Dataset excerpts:
┌──
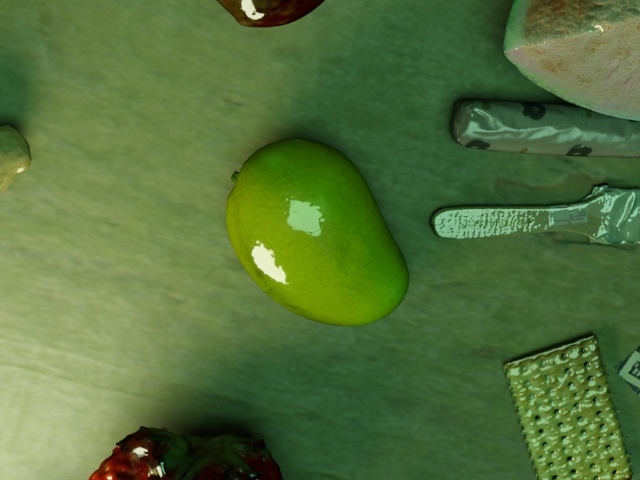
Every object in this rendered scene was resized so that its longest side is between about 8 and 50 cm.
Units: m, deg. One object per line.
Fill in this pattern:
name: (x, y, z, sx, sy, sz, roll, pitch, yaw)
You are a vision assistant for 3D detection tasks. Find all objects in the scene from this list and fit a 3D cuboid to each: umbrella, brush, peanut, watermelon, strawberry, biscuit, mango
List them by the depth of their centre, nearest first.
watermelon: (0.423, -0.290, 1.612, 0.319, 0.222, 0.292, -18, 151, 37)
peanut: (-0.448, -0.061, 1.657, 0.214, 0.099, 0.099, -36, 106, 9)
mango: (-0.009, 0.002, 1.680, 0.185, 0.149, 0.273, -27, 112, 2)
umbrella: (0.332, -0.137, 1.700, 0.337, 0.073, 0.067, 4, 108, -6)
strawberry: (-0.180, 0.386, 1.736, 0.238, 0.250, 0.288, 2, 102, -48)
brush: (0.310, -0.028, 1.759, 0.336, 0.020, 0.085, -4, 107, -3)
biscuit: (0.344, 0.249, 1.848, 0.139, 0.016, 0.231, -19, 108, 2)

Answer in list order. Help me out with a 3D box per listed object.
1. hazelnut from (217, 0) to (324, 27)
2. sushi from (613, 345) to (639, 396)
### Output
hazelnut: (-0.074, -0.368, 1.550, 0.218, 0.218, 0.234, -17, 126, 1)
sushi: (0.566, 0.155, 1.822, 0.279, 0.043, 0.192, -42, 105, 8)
└──
Starting at the first line of the records and stopping after the line with "You are a vision", copy each line exactly; pictures stay out.

Reply
Every object in this rendered scene was resized so that its longest side is between about 8 and 50 cm.
Units: m, deg. One object per line.
Fill in this pattern:
name: (x, y, z, sx, sy, sz, roll, pitch, yaw)
You are a vision assistant for 3D detection tasks. Find all objects in the scene from this list and fit a 3D cuboid to each: umbrella, brush, peanut, watermelon, strawberry, biscuit, mango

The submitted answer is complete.